- Theatrical release poster
- Directed by: Robert Altman
- Screenplay by: Leigh Brackett
- Based on: The Long Goodbye by Raymond Chandler
- Produced by: Jerry Bick
- Starring: Elliott Gould Nina van Pallandt Sterling Hayden
- Cinematography: Vilmos Zsigmond
- Edited by: Lou Lombardo
- Music by: John Williams
- Production company: Lion's Gate Films
- Distributed by: United Artists
- Release date: March 7, 1973;
- Running time: 112 minutes
- Country: United States
- Language: English
- Budget: $1.7 million
- Box office: $959,000

= The Long Goodbye (film) =

1973 film by Robert Altman

The Long Goodbye is a 1973 American satirical neo-noir film directed by Robert Altman, adapted by Leigh Brackett from Raymond Chandler's 1953 novel of the same name.

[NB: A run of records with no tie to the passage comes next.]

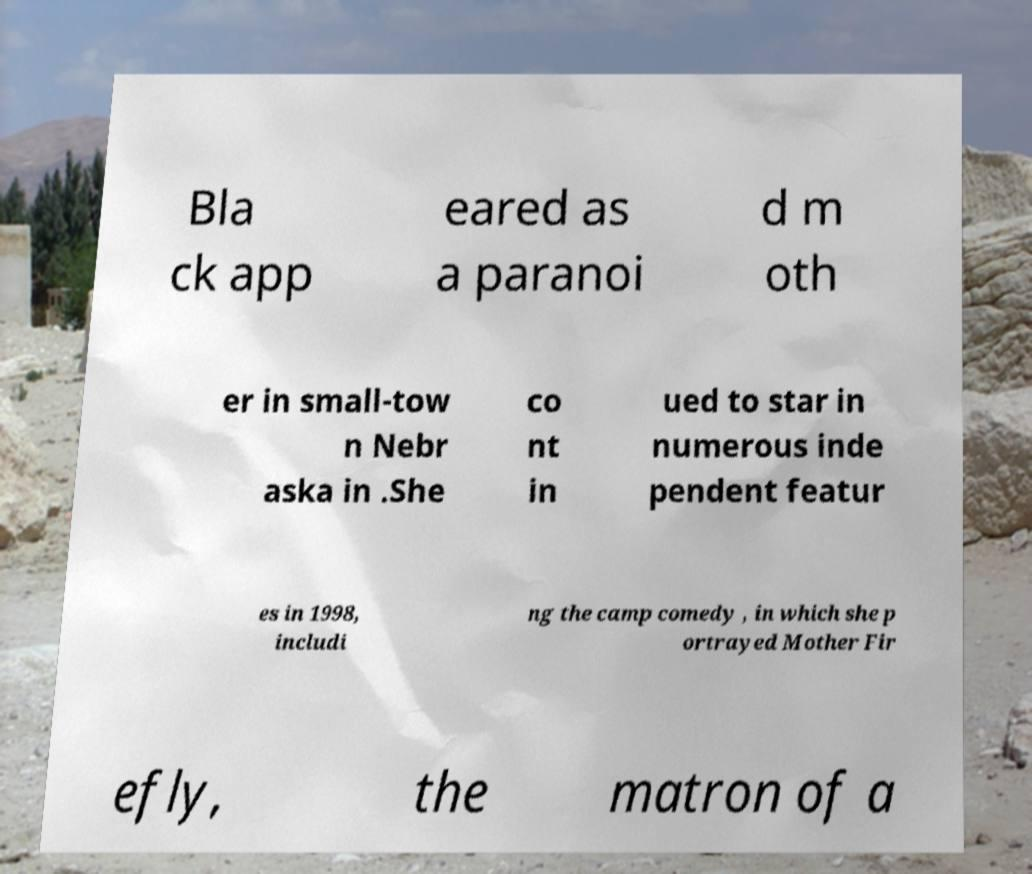Please read and relay the text visible in this image. What does it say? Bla ck app eared as a paranoi d m oth er in small-tow n Nebr aska in .She co nt in ued to star in numerous inde pendent featur es in 1998, includi ng the camp comedy , in which she p ortrayed Mother Fir efly, the matron of a 
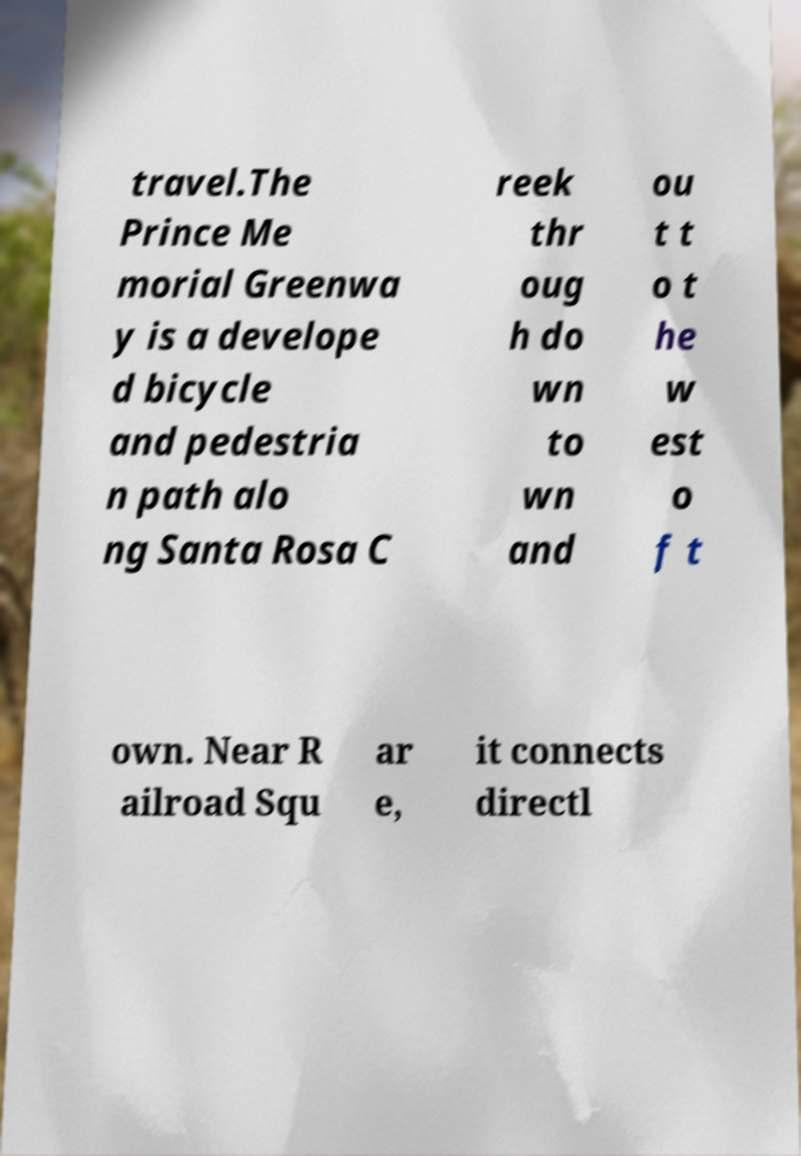Can you accurately transcribe the text from the provided image for me? travel.The Prince Me morial Greenwa y is a develope d bicycle and pedestria n path alo ng Santa Rosa C reek thr oug h do wn to wn and ou t t o t he w est o f t own. Near R ailroad Squ ar e, it connects directl 
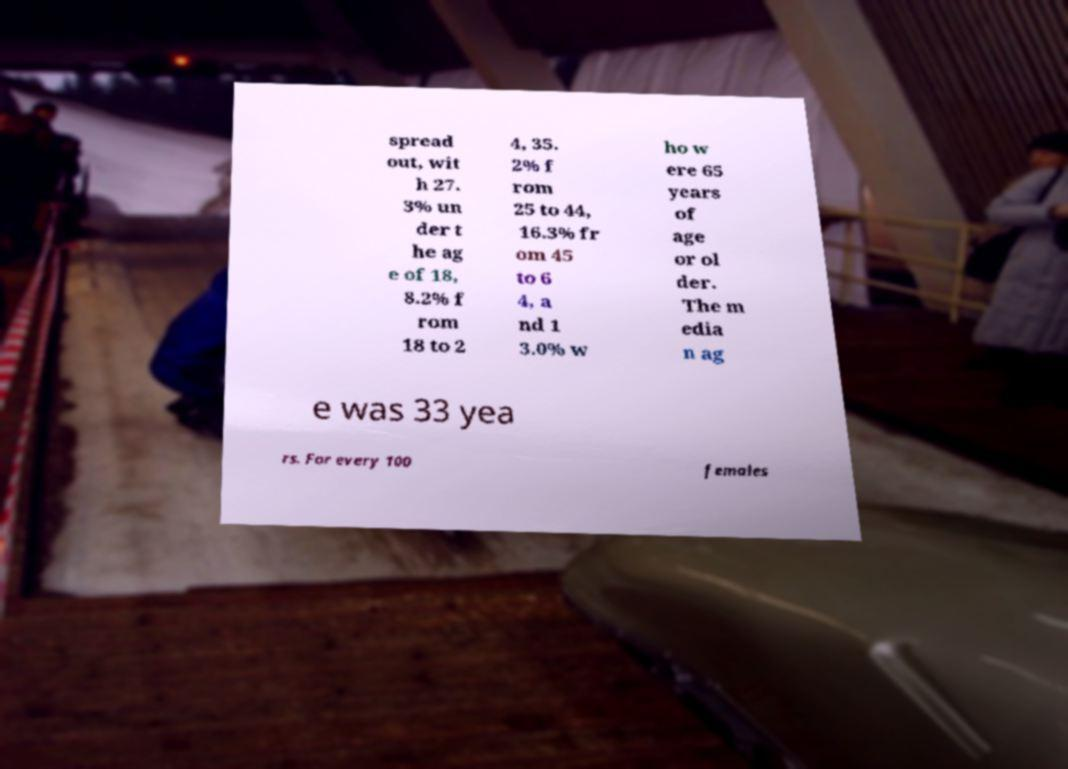Could you extract and type out the text from this image? spread out, wit h 27. 3% un der t he ag e of 18, 8.2% f rom 18 to 2 4, 35. 2% f rom 25 to 44, 16.3% fr om 45 to 6 4, a nd 1 3.0% w ho w ere 65 years of age or ol der. The m edia n ag e was 33 yea rs. For every 100 females

The film stars Elliott Gould as Philip Marlowe along with Nina van Pallandt, Sterling Hayden, Mark Rydell, Henry Gibson, David Arkin, and Jim Bouton, and has an early, uncredited appearance by Arnold Schwarzenegger.

The story's setting was moved from the 1940s to 1970s Hollywood. The film has been called "a study of a moral and decent man cast adrift in a selfish, self-obsessed society where lives can be thrown away without a backward glance ... and any notions of friendship and loyalty are meaningless."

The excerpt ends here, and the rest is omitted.